§ Material for this exercise:

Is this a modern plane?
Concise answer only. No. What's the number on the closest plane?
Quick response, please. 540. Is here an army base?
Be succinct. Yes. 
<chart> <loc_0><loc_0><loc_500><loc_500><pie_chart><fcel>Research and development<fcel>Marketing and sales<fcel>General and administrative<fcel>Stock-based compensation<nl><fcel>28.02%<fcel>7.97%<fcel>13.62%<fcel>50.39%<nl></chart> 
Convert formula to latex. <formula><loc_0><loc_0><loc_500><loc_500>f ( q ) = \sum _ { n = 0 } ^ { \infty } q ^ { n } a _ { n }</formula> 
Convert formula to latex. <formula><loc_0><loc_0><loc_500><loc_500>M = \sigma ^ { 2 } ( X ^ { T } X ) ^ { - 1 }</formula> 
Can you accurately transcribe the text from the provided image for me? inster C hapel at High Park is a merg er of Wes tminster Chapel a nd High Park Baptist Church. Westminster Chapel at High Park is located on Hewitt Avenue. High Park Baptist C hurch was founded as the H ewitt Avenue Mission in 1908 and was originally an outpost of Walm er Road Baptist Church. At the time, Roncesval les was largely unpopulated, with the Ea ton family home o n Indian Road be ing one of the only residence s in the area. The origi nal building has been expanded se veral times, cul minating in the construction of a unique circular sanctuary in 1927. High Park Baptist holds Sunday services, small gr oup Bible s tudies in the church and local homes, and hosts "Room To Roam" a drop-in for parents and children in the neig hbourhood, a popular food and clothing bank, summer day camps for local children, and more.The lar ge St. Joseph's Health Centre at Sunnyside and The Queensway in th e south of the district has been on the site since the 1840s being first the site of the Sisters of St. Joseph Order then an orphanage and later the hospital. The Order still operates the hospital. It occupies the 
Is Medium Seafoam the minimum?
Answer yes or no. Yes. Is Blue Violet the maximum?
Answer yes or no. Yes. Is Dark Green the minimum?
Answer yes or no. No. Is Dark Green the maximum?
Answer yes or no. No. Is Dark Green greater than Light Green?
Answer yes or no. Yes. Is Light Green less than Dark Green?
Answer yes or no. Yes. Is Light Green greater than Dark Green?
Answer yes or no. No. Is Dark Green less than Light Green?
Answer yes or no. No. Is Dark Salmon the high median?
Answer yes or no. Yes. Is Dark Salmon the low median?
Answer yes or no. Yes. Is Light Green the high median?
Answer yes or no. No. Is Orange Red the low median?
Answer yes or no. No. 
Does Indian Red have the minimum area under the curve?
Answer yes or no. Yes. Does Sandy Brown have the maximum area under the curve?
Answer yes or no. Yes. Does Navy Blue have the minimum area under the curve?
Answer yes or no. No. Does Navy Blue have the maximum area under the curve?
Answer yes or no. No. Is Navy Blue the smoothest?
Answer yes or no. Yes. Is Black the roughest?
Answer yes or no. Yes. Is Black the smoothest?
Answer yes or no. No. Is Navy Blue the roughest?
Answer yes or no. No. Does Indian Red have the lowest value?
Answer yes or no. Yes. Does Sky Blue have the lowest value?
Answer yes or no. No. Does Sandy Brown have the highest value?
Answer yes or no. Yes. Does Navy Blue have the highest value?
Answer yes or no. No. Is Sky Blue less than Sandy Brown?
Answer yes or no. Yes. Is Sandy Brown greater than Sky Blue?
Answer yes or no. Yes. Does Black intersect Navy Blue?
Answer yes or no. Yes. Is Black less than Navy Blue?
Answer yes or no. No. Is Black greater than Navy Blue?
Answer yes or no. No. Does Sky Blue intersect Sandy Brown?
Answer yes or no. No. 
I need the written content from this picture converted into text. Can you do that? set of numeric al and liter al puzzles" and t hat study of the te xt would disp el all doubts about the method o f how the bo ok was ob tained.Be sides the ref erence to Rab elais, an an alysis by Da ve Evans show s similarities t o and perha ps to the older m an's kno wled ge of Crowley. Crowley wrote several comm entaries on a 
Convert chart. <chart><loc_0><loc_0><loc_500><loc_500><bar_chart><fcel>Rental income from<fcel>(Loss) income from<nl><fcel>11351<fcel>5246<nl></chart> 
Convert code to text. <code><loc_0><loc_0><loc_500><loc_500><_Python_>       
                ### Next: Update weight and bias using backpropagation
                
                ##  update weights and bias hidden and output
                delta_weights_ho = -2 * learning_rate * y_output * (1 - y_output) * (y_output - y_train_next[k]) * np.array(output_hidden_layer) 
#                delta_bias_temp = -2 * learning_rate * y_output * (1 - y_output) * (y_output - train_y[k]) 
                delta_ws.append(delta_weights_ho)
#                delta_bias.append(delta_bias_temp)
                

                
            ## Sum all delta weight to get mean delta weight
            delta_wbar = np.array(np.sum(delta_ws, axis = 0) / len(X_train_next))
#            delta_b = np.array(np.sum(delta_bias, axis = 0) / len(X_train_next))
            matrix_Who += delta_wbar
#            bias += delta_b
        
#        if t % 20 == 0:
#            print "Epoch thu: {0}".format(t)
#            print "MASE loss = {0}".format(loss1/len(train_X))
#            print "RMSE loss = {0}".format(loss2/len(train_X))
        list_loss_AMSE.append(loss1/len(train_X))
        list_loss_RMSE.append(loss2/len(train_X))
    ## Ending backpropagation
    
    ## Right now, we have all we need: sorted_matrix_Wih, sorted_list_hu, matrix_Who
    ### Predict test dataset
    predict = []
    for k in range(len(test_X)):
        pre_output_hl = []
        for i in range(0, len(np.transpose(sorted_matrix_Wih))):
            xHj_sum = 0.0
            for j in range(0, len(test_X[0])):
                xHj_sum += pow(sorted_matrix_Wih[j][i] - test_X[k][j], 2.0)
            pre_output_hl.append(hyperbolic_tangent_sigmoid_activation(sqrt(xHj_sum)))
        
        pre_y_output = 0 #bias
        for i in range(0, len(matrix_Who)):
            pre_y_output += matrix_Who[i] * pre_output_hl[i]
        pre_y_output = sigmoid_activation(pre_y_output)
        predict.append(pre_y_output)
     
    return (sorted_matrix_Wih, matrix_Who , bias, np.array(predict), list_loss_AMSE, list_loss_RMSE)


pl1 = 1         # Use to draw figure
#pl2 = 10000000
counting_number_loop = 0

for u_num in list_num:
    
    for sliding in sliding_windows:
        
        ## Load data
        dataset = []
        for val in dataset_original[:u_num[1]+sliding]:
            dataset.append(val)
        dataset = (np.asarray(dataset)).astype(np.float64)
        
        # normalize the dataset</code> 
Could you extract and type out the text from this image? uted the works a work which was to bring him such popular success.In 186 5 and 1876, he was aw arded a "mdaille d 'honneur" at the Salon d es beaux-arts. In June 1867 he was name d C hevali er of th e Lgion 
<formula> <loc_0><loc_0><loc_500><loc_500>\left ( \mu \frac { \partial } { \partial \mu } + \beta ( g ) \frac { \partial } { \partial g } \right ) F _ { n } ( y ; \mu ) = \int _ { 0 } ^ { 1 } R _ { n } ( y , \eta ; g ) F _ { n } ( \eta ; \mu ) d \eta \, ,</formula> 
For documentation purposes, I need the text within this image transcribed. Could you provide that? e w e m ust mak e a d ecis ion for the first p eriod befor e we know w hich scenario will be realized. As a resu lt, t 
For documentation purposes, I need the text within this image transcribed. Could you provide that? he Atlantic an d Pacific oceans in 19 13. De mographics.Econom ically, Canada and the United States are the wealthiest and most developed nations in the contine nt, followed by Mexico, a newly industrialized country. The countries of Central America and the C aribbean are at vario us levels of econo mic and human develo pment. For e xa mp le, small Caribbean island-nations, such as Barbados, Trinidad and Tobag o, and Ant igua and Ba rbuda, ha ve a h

§ What the task requires: An exact copy of the lines above between the line holding "Answer yes or no. No. Is Dark Salmon" and the line holding "Answer yes or no. Yes. Does Sky", inclusive, is the whole answer.

§ Task result:
Answer yes or no. No. Is Dark Salmon the high median?
Answer yes or no. Yes. Is Dark Salmon the low median?
Answer yes or no. Yes. Is Light Green the high median?
Answer yes or no. No. Is Orange Red the low median?
Answer yes or no. No. 
Does Indian Red have the minimum area under the curve?
Answer yes or no. Yes. Does Sandy Brown have the maximum area under the curve?
Answer yes or no. Yes. Does Navy Blue have the minimum area under the curve?
Answer yes or no. No. Does Navy Blue have the maximum area under the curve?
Answer yes or no. No. Is Navy Blue the smoothest?
Answer yes or no. Yes. Is Black the roughest?
Answer yes or no. Yes. Is Black the smoothest?
Answer yes or no. No. Is Navy Blue the roughest?
Answer yes or no. No. Does Indian Red have the lowest value?
Answer yes or no. Yes. Does Sky Blue have the lowest value?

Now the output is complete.